Historical Corrections: Down 15% Is Close Enough

tl;dr – Since 1945, once the S&P 500 has pulled back 13% like it reached yesterday, ~50% of the time the market bottom is within 5% and ~75% of the time the market bottom is within 10%, so I believe the time to buy is now. However, the >22% corrections have often occurred following strong prior two-year returns, high P/E multiples, and rising interest rates, all of which are present now, thus I believe stock selection is particularly important currently.

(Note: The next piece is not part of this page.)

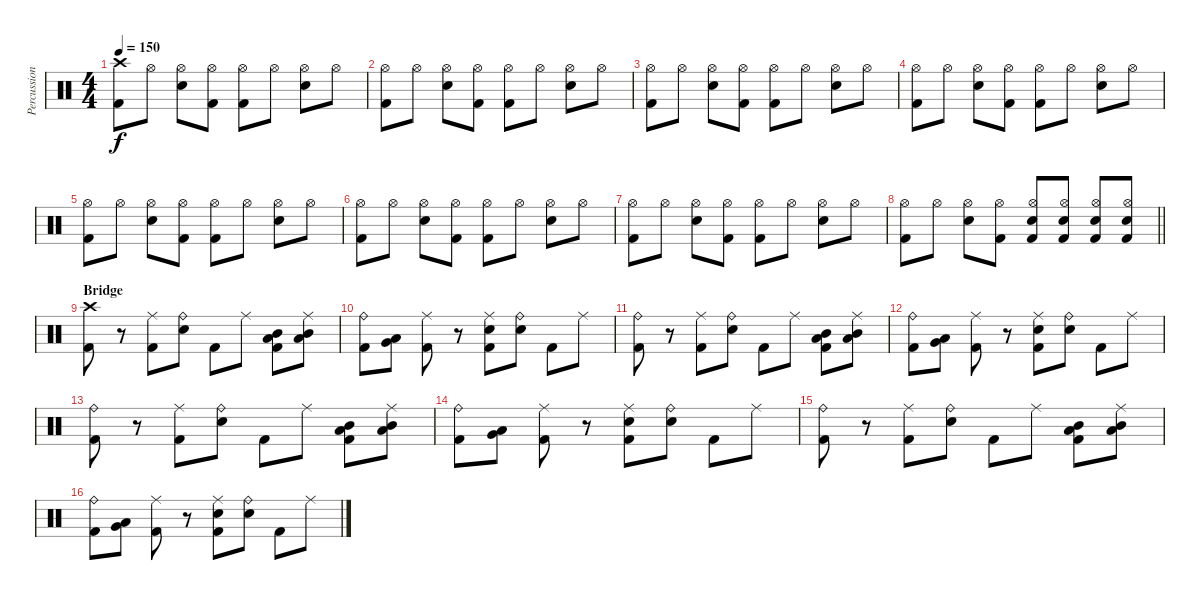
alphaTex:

To start, I want to say that I am not a “macro” guy. I’m a stock picker and I consider my research my first line of defense. I have done very little trading in the last two weeks, though as I explain below, I think now is the time to think about repositioning. Having said that, markets go through pullbacks and corrections all the time, and it makes sense to have a mental framework on how to approach them when they do. In this framework, I have a general rule based on market history that, once a market is down around 15%, there’s no real purpose in worrying about a recession or further correction. While that doesn’t mean to just YOLO and buy whatever is down the most regardless of cash flow, liquidity, etc., historically there are very few market corrections of >22% and those that do almost always correspond with very large macro events and take years to play out. My best investment periods have almost always occurred after market drawdowns and the one in four chance that we might have an even better buying opportunity later should not deter me from making moves now.

Below I’ve listed some historical stats on S&P 500 corrections since 1945, including some details on certain large pullbacks. I also have a chartbook showing what they looked like with some further details.

Frankly, there are a lot of ~15% selloffs. They happen every two or three years, sometimes with a recession, sometimes without, but they generally aren’t big enough to care about beyond the immediate sense of displeasure. For instance, the market fell about 14% when the Korean War broke out, but look at the chart:

Down 13% was clearly not the time to sell…

While I’m painting a bull case here, I don’t mean to downplay the risk of a larger event and I think it’s wise to have some context about larger corrections. The nine >22% corrections since 1945 fall into two basic categories: 25-35% crashes that rebounded quickly and very major economic events, typically involving very large rate increases, that played out over a multiyear period. As for the panics, they are random but have followed very large upward S&P 500 rallies in the prior 18 months. Regarding the current market, it’s a fair point of caution that the S&P 500’s ~45% rally since Fall 2020 meets this criterion, while the Nasdaq and certain sectors like SaaS experienced even larger moves. However, I wouldn’t oversell this point as there are lots of examples of significant 18-month rallies that didn’t turn into larger corrections – see the chart of 1950 above. Further, even in those larger crashes, if you bought the market down 15%, you were roughly flat or above breakeven within 12 months anyways.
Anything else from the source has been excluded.